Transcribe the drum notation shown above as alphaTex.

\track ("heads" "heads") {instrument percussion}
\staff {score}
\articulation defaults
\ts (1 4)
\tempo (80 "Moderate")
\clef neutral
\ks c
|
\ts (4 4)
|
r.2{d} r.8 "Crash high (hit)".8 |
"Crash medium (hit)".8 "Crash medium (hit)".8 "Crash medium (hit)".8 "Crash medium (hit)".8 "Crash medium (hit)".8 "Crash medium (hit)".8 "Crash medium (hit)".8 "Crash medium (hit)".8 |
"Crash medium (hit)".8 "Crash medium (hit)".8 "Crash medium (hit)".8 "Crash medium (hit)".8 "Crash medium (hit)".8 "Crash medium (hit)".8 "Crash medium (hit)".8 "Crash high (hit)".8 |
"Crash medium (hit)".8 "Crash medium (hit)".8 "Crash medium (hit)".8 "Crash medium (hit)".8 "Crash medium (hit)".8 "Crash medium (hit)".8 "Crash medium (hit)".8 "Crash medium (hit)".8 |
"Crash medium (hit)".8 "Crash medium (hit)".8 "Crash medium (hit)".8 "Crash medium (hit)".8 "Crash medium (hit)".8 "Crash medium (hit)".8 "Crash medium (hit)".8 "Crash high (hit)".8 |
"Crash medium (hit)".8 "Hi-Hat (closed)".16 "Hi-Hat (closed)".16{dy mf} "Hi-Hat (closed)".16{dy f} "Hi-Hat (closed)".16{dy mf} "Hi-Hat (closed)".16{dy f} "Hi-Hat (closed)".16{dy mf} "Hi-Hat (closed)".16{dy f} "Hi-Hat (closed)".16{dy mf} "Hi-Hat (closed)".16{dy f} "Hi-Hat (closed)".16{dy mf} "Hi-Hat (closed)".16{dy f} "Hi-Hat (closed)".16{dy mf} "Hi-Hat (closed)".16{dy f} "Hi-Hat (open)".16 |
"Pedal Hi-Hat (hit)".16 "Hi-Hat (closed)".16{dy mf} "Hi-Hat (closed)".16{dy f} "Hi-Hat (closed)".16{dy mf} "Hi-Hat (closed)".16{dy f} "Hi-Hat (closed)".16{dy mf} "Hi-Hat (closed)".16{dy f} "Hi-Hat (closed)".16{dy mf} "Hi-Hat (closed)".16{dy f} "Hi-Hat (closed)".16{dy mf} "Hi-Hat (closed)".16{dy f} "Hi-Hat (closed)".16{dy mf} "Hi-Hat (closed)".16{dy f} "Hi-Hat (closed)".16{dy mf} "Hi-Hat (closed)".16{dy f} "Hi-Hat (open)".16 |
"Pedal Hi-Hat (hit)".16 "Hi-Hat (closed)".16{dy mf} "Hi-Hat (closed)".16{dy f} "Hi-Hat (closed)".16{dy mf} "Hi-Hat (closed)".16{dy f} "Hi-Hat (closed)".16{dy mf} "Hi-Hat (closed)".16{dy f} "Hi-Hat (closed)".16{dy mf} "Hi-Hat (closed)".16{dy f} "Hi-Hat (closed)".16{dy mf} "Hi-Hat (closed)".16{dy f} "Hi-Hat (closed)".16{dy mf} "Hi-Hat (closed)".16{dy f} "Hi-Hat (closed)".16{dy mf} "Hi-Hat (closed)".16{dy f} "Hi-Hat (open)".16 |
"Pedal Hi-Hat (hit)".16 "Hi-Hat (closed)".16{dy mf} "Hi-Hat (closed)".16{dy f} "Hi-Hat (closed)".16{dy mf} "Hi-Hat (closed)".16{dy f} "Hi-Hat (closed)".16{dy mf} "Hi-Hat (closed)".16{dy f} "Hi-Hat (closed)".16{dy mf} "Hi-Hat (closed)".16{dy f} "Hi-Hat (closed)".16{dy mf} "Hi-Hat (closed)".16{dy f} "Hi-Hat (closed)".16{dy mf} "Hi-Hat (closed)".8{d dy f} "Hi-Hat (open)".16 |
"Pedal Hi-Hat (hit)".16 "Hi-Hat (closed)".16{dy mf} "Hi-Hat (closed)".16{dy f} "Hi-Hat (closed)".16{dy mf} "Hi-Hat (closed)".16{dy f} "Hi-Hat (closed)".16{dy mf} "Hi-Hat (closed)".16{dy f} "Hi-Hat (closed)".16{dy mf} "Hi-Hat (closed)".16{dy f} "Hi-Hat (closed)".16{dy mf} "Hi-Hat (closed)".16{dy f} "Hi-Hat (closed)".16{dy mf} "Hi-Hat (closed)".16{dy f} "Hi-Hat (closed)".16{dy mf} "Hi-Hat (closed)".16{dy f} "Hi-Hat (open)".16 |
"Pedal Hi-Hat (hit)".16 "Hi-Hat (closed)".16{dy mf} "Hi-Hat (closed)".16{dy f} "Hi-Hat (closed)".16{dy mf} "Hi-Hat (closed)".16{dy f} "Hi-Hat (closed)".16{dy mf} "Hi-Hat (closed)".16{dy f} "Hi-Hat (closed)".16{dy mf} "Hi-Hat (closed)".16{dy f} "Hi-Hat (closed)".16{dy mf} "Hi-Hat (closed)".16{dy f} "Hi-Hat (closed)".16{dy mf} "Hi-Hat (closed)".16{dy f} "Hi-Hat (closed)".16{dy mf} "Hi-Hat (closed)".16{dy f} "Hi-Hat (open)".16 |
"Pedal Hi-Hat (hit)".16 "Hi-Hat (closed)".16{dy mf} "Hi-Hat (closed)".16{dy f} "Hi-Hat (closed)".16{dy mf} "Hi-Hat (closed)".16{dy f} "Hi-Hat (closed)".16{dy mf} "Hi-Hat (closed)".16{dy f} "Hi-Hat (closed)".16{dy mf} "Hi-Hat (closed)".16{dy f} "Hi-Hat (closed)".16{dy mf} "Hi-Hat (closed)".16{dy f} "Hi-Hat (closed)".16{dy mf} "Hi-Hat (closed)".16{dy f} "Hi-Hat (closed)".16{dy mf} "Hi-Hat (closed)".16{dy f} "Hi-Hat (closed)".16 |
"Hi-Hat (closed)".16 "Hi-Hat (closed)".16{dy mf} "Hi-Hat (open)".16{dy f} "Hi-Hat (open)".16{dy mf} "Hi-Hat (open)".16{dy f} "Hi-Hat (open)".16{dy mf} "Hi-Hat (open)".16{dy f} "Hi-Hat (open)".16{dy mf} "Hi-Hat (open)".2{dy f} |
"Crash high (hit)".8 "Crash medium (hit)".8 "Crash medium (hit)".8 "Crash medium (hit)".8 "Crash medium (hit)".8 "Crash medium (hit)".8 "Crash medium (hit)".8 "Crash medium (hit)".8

━━━━━━

• Work instruction: Your task is to transcribe the listing above in full and exactly.

• Solved problem:
Transcribe the drum notation shown above as alphaTex.

\track ("heads" "heads") {instrument percussion}
\staff {score}
\articulation defaults
\ts (1 4)
\tempo (80 "Moderate")
\clef neutral
\ks c
|
\ts (4 4)
|
r.2{d} r.8 "Crash high (hit)".8 |
"Crash medium (hit)".8 "Crash medium (hit)".8 "Crash medium (hit)".8 "Crash medium (hit)".8 "Crash medium (hit)".8 "Crash medium (hit)".8 "Crash medium (hit)".8 "Crash medium (hit)".8 |
"Crash medium (hit)".8 "Crash medium (hit)".8 "Crash medium (hit)".8 "Crash medium (hit)".8 "Crash medium (hit)".8 "Crash medium (hit)".8 "Crash medium (hit)".8 "Crash high (hit)".8 |
"Crash medium (hit)".8 "Crash medium (hit)".8 "Crash medium (hit)".8 "Crash medium (hit)".8 "Crash medium (hit)".8 "Crash medium (hit)".8 "Crash medium (hit)".8 "Crash medium (hit)".8 |
"Crash medium (hit)".8 "Crash medium (hit)".8 "Crash medium (hit)".8 "Crash medium (hit)".8 "Crash medium (hit)".8 "Crash medium (hit)".8 "Crash medium (hit)".8 "Crash high (hit)".8 |
"Crash medium (hit)".8 "Hi-Hat (closed)".16 "Hi-Hat (closed)".16{dy mf} "Hi-Hat (closed)".16{dy f} "Hi-Hat (closed)".16{dy mf} "Hi-Hat (closed)".16{dy f} "Hi-Hat (closed)".16{dy mf} "Hi-Hat (closed)".16{dy f} "Hi-Hat (closed)".16{dy mf} "Hi-Hat (closed)".16{dy f} "Hi-Hat (closed)".16{dy mf} "Hi-Hat (closed)".16{dy f} "Hi-Hat (closed)".16{dy mf} "Hi-Hat (closed)".16{dy f} "Hi-Hat (open)".16 |
"Pedal Hi-Hat (hit)".16 "Hi-Hat (closed)".16{dy mf} "Hi-Hat (closed)".16{dy f} "Hi-Hat (closed)".16{dy mf} "Hi-Hat (closed)".16{dy f} "Hi-Hat (closed)".16{dy mf} "Hi-Hat (closed)".16{dy f} "Hi-Hat (closed)".16{dy mf} "Hi-Hat (closed)".16{dy f} "Hi-Hat (closed)".16{dy mf} "Hi-Hat (closed)".16{dy f} "Hi-Hat (closed)".16{dy mf} "Hi-Hat (closed)".16{dy f} "Hi-Hat (closed)".16{dy mf} "Hi-Hat (closed)".16{dy f} "Hi-Hat (open)".16 |
"Pedal Hi-Hat (hit)".16 "Hi-Hat (closed)".16{dy mf} "Hi-Hat (closed)".16{dy f} "Hi-Hat (closed)".16{dy mf} "Hi-Hat (closed)".16{dy f} "Hi-Hat (closed)".16{dy mf} "Hi-Hat (closed)".16{dy f} "Hi-Hat (closed)".16{dy mf} "Hi-Hat (closed)".16{dy f} "Hi-Hat (closed)".16{dy mf} "Hi-Hat (closed)".16{dy f} "Hi-Hat (closed)".16{dy mf} "Hi-Hat (closed)".16{dy f} "Hi-Hat (closed)".16{dy mf} "Hi-Hat (closed)".16{dy f} "Hi-Hat (open)".16 |
"Pedal Hi-Hat (hit)".16 "Hi-Hat (closed)".16{dy mf} "Hi-Hat (closed)".16{dy f} "Hi-Hat (closed)".16{dy mf} "Hi-Hat (closed)".16{dy f} "Hi-Hat (closed)".16{dy mf} "Hi-Hat (closed)".16{dy f} "Hi-Hat (closed)".16{dy mf} "Hi-Hat (closed)".16{dy f} "Hi-Hat (closed)".16{dy mf} "Hi-Hat (closed)".16{dy f} "Hi-Hat (closed)".16{dy mf} "Hi-Hat (closed)".8{d dy f} "Hi-Hat (open)".16 |
"Pedal Hi-Hat (hit)".16 "Hi-Hat (closed)".16{dy mf} "Hi-Hat (closed)".16{dy f} "Hi-Hat (closed)".16{dy mf} "Hi-Hat (closed)".16{dy f} "Hi-Hat (closed)".16{dy mf} "Hi-Hat (closed)".16{dy f} "Hi-Hat (closed)".16{dy mf} "Hi-Hat (closed)".16{dy f} "Hi-Hat (closed)".16{dy mf} "Hi-Hat (closed)".16{dy f} "Hi-Hat (closed)".16{dy mf} "Hi-Hat (closed)".16{dy f} "Hi-Hat (closed)".16{dy mf} "Hi-Hat (closed)".16{dy f} "Hi-Hat (open)".16 |
"Pedal Hi-Hat (hit)".16 "Hi-Hat (closed)".16{dy mf} "Hi-Hat (closed)".16{dy f} "Hi-Hat (closed)".16{dy mf} "Hi-Hat (closed)".16{dy f} "Hi-Hat (closed)".16{dy mf} "Hi-Hat (closed)".16{dy f} "Hi-Hat (closed)".16{dy mf} "Hi-Hat (closed)".16{dy f} "Hi-Hat (closed)".16{dy mf} "Hi-Hat (closed)".16{dy f} "Hi-Hat (closed)".16{dy mf} "Hi-Hat (closed)".16{dy f} "Hi-Hat (closed)".16{dy mf} "Hi-Hat (closed)".16{dy f} "Hi-Hat (open)".16 |
"Pedal Hi-Hat (hit)".16 "Hi-Hat (closed)".16{dy mf} "Hi-Hat (closed)".16{dy f} "Hi-Hat (closed)".16{dy mf} "Hi-Hat (closed)".16{dy f} "Hi-Hat (closed)".16{dy mf} "Hi-Hat (closed)".16{dy f} "Hi-Hat (closed)".16{dy mf} "Hi-Hat (closed)".16{dy f} "Hi-Hat (closed)".16{dy mf} "Hi-Hat (closed)".16{dy f} "Hi-Hat (closed)".16{dy mf} "Hi-Hat (closed)".16{dy f} "Hi-Hat (closed)".16{dy mf} "Hi-Hat (closed)".16{dy f} "Hi-Hat (closed)".16 |
"Hi-Hat (closed)".16 "Hi-Hat (closed)".16{dy mf} "Hi-Hat (open)".16{dy f} "Hi-Hat (open)".16{dy mf} "Hi-Hat (open)".16{dy f} "Hi-Hat (open)".16{dy mf} "Hi-Hat (open)".16{dy f} "Hi-Hat (open)".16{dy mf} "Hi-Hat (open)".2{dy f} |
"Crash high (hit)".8 "Crash medium (hit)".8 "Crash medium (hit)".8 "Crash medium (hit)".8 "Crash medium (hit)".8 "Crash medium (hit)".8 "Crash medium (hit)".8 "Crash medium (hit)".8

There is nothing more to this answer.